How many movie screens does America need? Using historical formulas, America needs approximately 30,000 screens to meet market equilibrium. Do moviegoers prefer old, flat-floored theaters or new stadium multiplexes? Do movie operators prefer old non-performing theaters or new profitable multiplexes? We all know the answer: New multiplexes.
Of the 37,185 screens currently in operation, approximately 12,000 are new all-stadium screens. To meet market equilibrium theater owners need to first, close approximately 7,200 old screens, reducing the screen count to 30,000. To remain competitive, theater companies are expected to replace (over time) the remaining 18,000 old screens (30,000 - 12,000 new screens) with 18,000 new screens.
The majority of new theaters are performing well, if located correctly and with the right number of screens, according to industry analysts. In the urban markets that performance comes at the expense of the old theaters.
What wasnt expected was older theaters started bleeding money so quickly, said Russell Solomon of Moodys Investors Services. The cure for the malady is a round of closures, but thats easier said than done since the large theater companies are committed to leases of up to 20 years. (For example, Regal Cinemass current leases commit the company to a total of $1.6 billion in rent on top of its debt, according to the Wall Street Journal.)
Profitability means reducing the number of (old) screens a company operates. Thats where restructuring under bankruptcy comes in. Some companies believe Chapter 11 is a very effective tool for getting out of lease obligations without a substantial penalty.
Bankruptcies may actually be the prologue to the industrys recovery, said Harlan S. Byrne of Barrons.
Recently, companies such as Edwards, Carmike, and United Artists have filed for reorganization under Chapter 11. Other large companies may follow suit.
While the problems of the big 10 theater companies have been well publicized, what hasnt been is the fact that many of the other 390 U.S. theater operators have survived nicely by avoiding or not expanding in the overcrowded urban markets.
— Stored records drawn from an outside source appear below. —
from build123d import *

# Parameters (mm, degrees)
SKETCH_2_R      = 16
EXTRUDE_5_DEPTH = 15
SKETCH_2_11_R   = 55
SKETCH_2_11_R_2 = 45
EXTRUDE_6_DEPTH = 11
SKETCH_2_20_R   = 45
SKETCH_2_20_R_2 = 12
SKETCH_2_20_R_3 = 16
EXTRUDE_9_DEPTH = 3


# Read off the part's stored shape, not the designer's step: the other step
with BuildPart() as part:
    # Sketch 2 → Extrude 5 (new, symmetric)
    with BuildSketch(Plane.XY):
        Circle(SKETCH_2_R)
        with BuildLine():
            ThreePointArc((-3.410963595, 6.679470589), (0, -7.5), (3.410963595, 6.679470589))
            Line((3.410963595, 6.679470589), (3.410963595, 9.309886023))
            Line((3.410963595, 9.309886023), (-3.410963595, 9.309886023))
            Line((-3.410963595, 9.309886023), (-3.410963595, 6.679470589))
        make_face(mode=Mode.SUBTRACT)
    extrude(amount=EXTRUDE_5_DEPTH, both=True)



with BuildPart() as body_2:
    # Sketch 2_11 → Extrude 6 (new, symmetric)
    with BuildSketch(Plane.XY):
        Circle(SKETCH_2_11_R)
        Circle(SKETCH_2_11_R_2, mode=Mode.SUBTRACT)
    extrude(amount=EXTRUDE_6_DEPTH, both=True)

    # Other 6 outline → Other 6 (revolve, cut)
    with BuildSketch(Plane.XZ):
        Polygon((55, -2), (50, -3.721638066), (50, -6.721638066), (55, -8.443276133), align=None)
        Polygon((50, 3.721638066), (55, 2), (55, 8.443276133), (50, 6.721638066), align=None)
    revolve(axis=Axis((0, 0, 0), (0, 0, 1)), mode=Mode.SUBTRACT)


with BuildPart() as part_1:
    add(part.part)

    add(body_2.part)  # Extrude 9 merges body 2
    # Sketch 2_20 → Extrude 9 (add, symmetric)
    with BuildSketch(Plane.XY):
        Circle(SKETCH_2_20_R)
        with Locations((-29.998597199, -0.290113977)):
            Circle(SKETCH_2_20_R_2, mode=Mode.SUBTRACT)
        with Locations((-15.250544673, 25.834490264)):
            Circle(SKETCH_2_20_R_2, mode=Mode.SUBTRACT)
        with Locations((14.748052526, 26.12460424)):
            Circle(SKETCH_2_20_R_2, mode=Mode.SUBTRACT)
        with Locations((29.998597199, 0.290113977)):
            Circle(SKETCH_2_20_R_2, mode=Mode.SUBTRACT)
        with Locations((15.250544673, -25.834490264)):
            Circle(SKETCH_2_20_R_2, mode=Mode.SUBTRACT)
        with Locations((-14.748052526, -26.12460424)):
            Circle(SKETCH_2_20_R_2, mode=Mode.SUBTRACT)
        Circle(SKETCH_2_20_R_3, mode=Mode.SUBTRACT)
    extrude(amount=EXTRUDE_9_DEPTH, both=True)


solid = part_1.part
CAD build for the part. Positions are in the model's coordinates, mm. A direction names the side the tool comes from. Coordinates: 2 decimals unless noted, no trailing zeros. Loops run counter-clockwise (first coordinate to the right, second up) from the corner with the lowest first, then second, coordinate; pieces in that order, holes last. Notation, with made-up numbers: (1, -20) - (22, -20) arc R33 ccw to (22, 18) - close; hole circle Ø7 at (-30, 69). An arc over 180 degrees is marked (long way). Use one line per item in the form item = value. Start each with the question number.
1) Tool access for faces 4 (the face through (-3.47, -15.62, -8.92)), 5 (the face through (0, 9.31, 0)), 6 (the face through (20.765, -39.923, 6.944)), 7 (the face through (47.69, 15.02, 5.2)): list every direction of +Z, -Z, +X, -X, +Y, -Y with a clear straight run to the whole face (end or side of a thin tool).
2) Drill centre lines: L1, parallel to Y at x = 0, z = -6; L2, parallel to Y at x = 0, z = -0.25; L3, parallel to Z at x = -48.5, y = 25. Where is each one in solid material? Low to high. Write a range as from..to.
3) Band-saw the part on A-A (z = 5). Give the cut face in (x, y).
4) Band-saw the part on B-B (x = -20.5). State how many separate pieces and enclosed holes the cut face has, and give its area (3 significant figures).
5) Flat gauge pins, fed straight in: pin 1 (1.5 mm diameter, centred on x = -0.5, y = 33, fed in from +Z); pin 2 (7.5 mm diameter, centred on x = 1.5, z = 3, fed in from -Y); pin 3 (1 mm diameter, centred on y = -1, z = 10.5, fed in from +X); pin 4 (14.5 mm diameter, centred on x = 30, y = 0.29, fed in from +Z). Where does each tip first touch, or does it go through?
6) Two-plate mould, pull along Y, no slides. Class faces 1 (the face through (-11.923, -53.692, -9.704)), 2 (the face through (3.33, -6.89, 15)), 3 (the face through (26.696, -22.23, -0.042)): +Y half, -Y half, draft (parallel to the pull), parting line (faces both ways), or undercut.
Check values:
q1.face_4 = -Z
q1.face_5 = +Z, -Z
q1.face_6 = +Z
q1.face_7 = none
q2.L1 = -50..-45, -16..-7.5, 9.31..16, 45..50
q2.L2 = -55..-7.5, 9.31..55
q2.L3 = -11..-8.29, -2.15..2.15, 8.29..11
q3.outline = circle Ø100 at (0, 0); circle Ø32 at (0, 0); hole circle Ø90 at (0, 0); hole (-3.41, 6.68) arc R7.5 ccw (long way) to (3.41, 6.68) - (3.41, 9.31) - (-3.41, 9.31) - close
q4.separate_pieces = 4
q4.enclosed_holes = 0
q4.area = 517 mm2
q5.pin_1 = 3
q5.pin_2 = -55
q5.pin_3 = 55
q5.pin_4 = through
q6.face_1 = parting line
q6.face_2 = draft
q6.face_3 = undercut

The majority of secondary markets are still good, economically viable, and for the most part, still under-screened.
Companies that do not have overhanging inventories of old non-performing theaters have access to capital. A number of them are expanding into other underserved secondary markets and finding competition and economic advantage due to absence of the large theater competitors. Companies like Galaxy Theaters, Harkin Theaters, Rave Cinemas, Signature Theaters, and Wallace Theaters have announced plans to collectively acquire or build over $500 million of new theaters over the next 24 months.
We believe its a very opportune time to be a medium sized movie theater company in our industry. Its exciting.
If youre one of the large 10 theater companies, youre currently economically challenged: Too much old product, not able to make enough new. However, the Big 10 will work through their problems, get rid of their old inventory and re-emerge much stronger over the next 18 to 24 months. In the meantime, they have halted their expansion into new markets.
The opportunity before us is that only 32 percent of the U.S. is re-screened with the new delivery system...an all-stadium seat multiplex. The medium-sized companies that have NO old product and no drag on earnings from obsolete theaters will continue to operate their multiplexes profitably and enjoy expansion opportunities.
Meanwhile, moviegoers are still going to the theater and movies are as popular as ever. Demand continues its historical upward trends and revenue is still increasing. Despite 75 percent of the country having access to only old style theaters (that need replacing), the U.S. domestic market in 2000 will probably top $10 billion in revenues from movies and concessions.